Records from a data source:
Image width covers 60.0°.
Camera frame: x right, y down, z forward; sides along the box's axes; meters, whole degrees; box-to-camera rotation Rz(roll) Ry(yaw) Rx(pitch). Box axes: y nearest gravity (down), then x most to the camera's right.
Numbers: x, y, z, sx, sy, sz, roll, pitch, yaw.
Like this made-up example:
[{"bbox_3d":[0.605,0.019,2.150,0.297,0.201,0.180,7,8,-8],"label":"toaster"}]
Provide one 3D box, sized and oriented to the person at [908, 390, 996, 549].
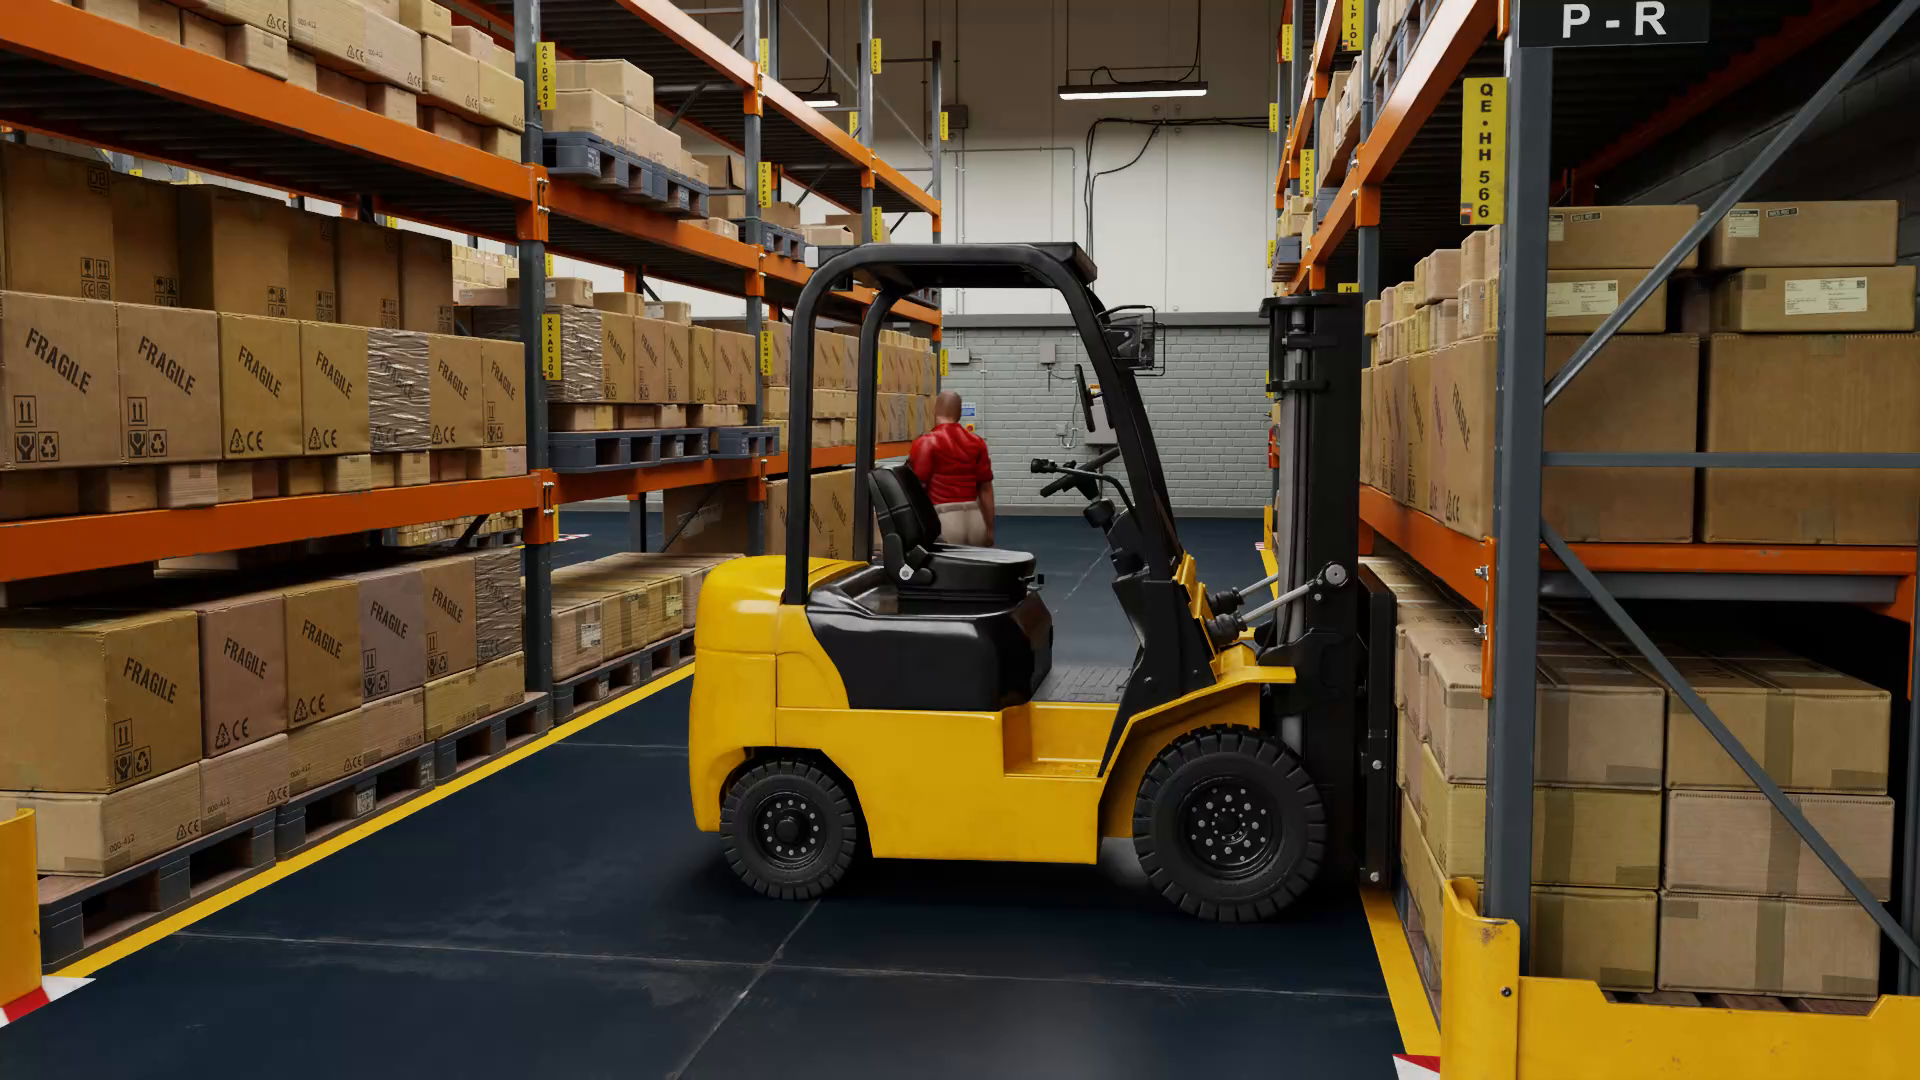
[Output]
[{"bbox_3d":[-0.066,-0.029,9.857,0.614,1.710,0.652,-4,6,-42],"label":"person"}]

WHAT YOU ARE ASKED TO DO:
Every line of the records above where the string "pitch" is found should be copied.

SOLUTION FOR THIS PROBLEM:
Camera frame: x right, y down, z forward; sides along the box's axes; meters, whole degrees; box-to-camera rotation Rz(roll) Ry(yaw) Rx(pitch). Box axes: y nearest gravity (down), then x most to the camera's right.
Numbers: x, y, z, sx, sy, sz, roll, pitch, yaw.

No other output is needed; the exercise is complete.